AIM OF THE TASK. For each record below, retype the text exactly and omit any image.

[[ DATA UNDER STUDY, beginning ]]

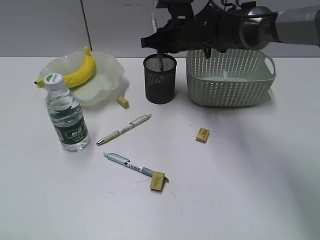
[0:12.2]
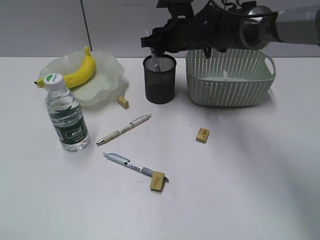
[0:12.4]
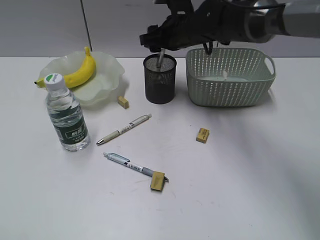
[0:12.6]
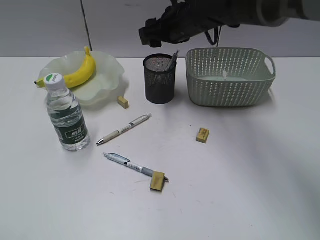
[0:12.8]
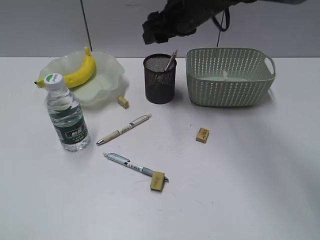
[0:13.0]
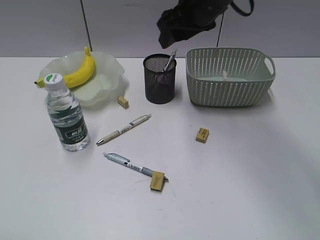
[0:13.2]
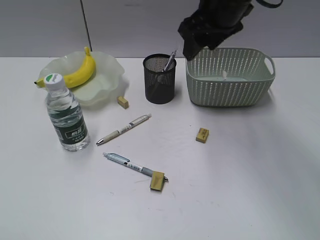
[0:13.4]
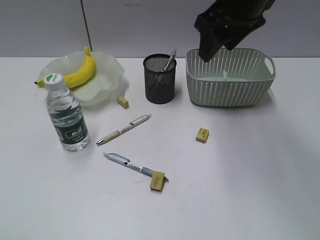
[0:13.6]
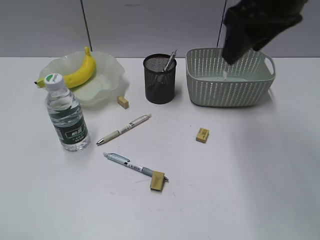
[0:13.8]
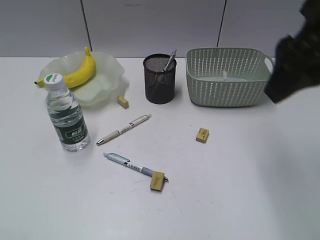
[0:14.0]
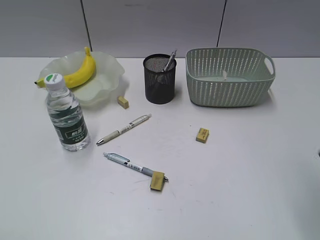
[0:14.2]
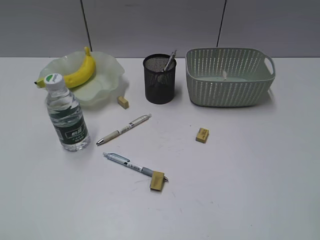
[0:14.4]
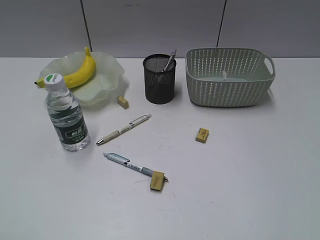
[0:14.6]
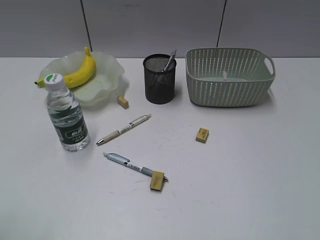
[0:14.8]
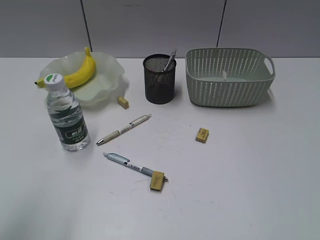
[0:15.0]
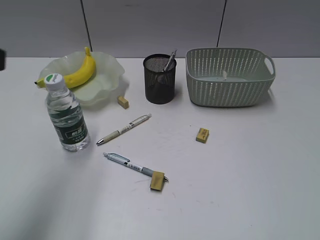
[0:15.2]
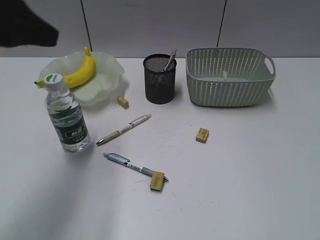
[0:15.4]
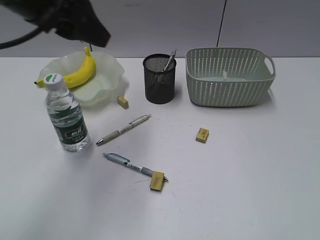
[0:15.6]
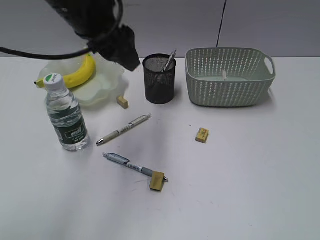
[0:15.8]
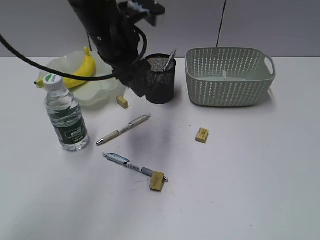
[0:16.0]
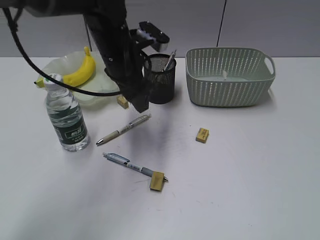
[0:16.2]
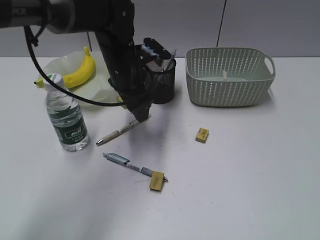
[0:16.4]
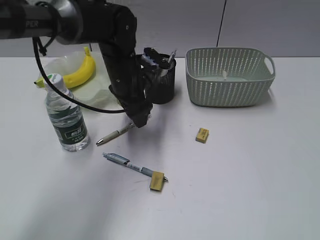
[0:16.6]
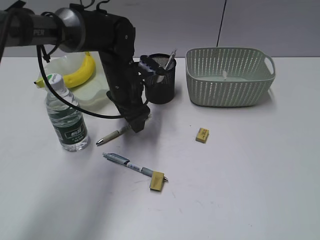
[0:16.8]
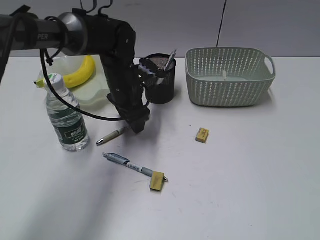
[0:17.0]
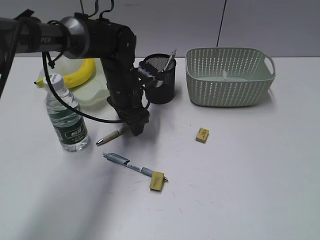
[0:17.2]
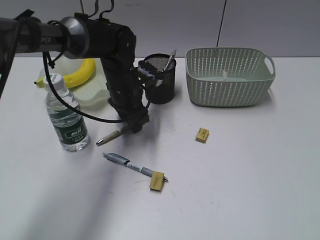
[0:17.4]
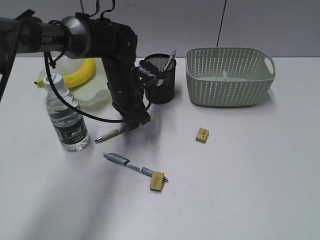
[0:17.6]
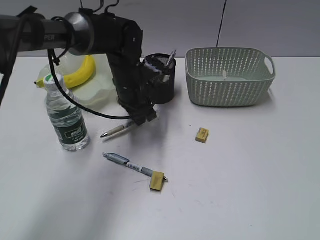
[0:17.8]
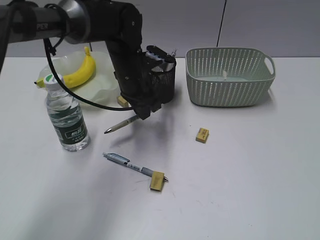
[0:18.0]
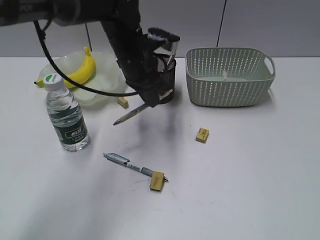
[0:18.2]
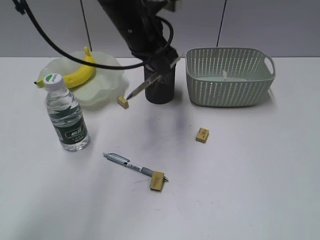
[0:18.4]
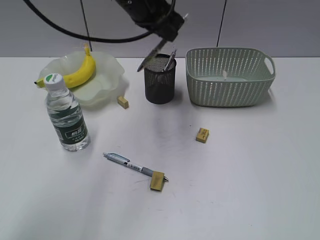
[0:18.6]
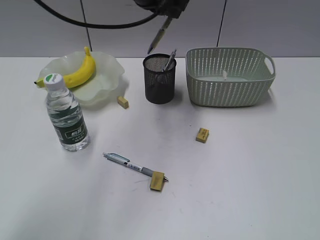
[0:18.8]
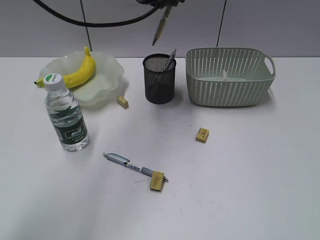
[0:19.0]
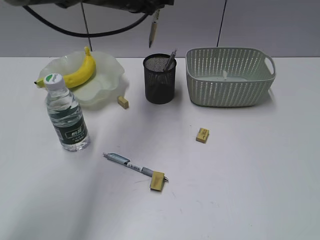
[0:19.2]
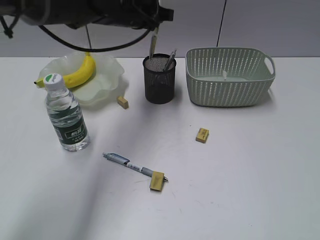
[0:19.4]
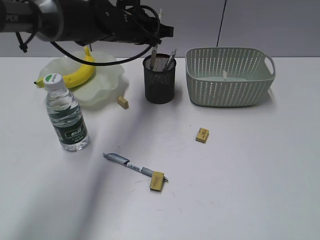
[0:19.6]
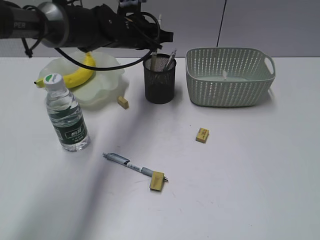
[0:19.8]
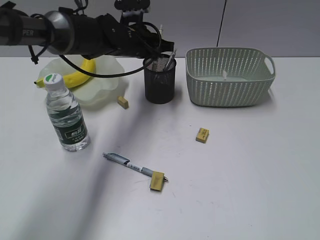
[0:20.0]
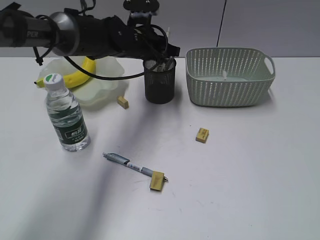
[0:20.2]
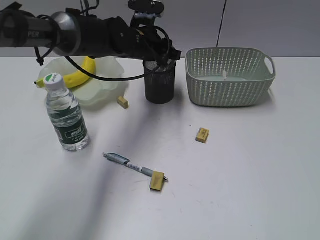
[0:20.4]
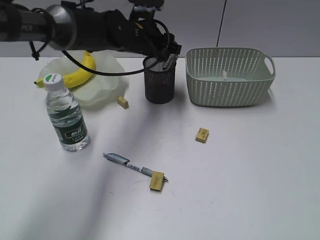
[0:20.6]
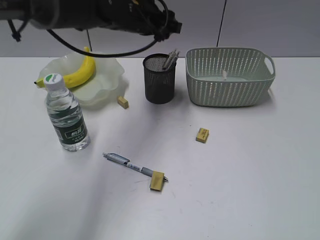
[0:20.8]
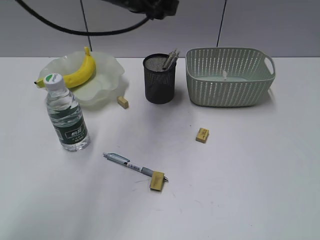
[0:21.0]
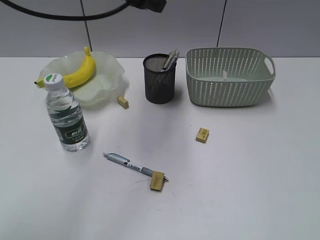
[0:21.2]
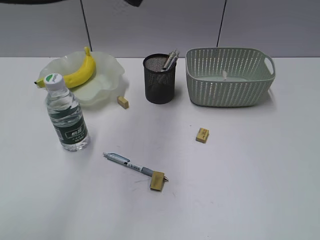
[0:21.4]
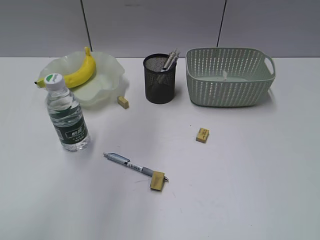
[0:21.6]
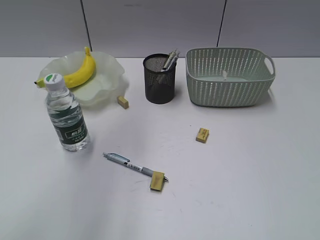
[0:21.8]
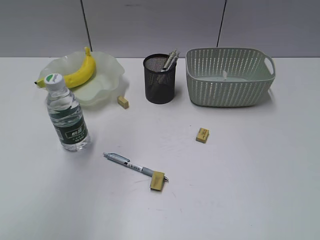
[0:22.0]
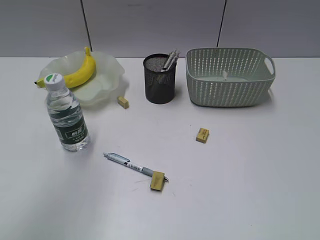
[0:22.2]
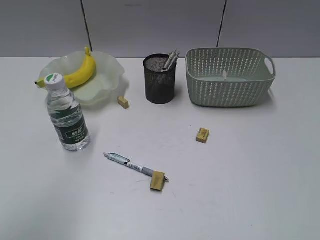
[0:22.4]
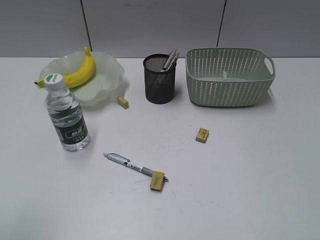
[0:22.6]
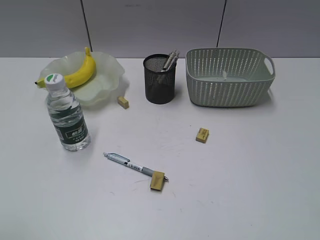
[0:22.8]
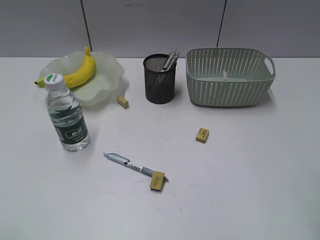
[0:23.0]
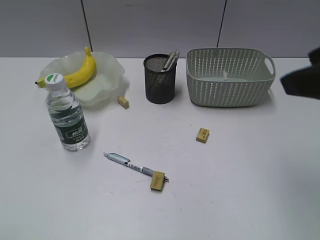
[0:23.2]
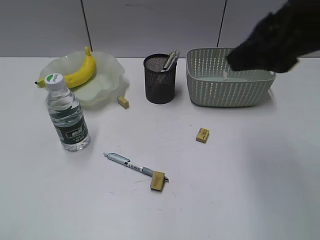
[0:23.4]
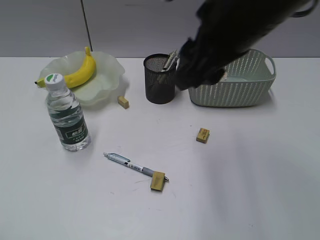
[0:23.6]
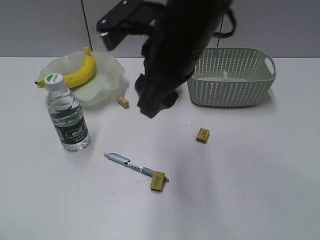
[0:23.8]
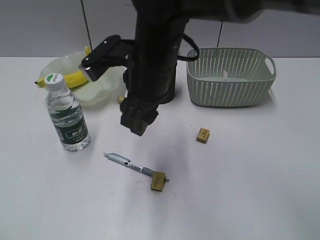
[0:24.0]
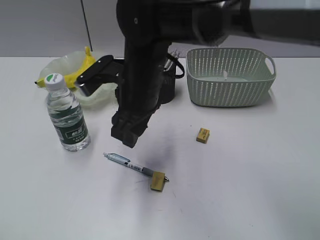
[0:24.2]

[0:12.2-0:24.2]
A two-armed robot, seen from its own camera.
Step, 0:12.8 to 0:17.6: Grasp the yellow pen with left gripper.
Step, 0:17.8 to 0:20.4: Place the yellow pen in pen holder with left gripper.
0:12.2 to 0:13.8: The right gripper shifts about 25 cm upward, backward and to the right, and opens up.
0:13.8 to 0:15.2: The left gripper goes roughly 15 cm forward and to the right; the right gripper travels backward and to the right by approximately 35 cm.
0:15.2 to 0:16.6: The left gripper moves forward, to the right and downward, some 35 cm.
0:16.6 to 0:18.2: The left gripper closes.
0:18.2 to 0:19.8: The left gripper is displaced forward by about 5 cm, and goes upward and returns, about 10 cm each way.
0:19.8 to 0:21.2: The left gripper is displaced upward and backward by about 15 cm, and opens up.
0:21.2 to 0:22.6: The left gripper goes roughly 40 cm backward and to the left.
0:22.6 to 0:24.2: The left gripper is displaced backward and downward by roughly 10 cm; the right gripper is displaced to the left and forward by about 40 cm.

[[ DATA UNDER STUDY, end ]]

REPLY.
[0:12.2]
[0:12.4]
[0:12.6]
[0:12.8]
[0:13.0]
[0:13.2]
[0:13.4]
[0:13.6]
[0:13.8]
[0:14.0]
[0:14.2]
[0:14.4]
[0:14.6]
[0:14.8]
[0:15.0]
[0:15.2]
[0:15.4]
[0:15.6]
[0:15.8]
[0:16.0]
[0:16.2]
[0:16.4]
[0:16.6]
[0:16.8]
[0:17.0]
[0:17.2]
[0:17.4]
[0:17.6]
[0:17.8]
[0:18.0]
[0:18.2]
[0:18.4]
[0:18.6]
[0:18.8]
[0:19.0]
[0:19.2]
[0:19.4]
[0:19.6]
[0:19.8]
[0:20.0]
[0:20.2]
[0:20.4]
[0:20.6]
[0:20.8]
[0:21.0]
[0:21.2]
[0:21.4]
[0:21.6]
[0:21.8]
[0:22.0]
[0:22.2]
[0:22.4]
[0:22.6]
[0:22.8]
[0:23.0]
[0:23.2]
[0:23.4]
[0:23.6]
[0:23.8]
[0:24.0]
[0:24.2]

[0:12.2-0:24.2]
A two-armed robot, seen from its own camera.
Step, 0:12.8 to 0:17.6: Grasp the yellow pen with left gripper.
Step, 0:17.8 to 0:20.4: Place the yellow pen in pen holder with left gripper.
0:12.2 to 0:13.8: The right gripper shifts about 25 cm upward, backward and to the right, and opens up.
0:13.8 to 0:15.2: The left gripper goes roughly 15 cm forward and to the right; the right gripper travels backward and to the right by approximately 35 cm.
0:15.2 to 0:16.6: The left gripper moves forward, to the right and downward, some 35 cm.
0:16.6 to 0:18.2: The left gripper closes.
0:18.2 to 0:19.8: The left gripper is displaced forward by about 5 cm, and goes upward and returns, about 10 cm each way.
0:19.8 to 0:21.2: The left gripper is displaced upward and backward by about 15 cm, and opens up.
0:21.2 to 0:22.6: The left gripper goes roughly 40 cm backward and to the left.
0:22.6 to 0:24.2: The left gripper is displaced backward and downward by roughly 10 cm; the right gripper is displaced to the left and forward by about 40 cm.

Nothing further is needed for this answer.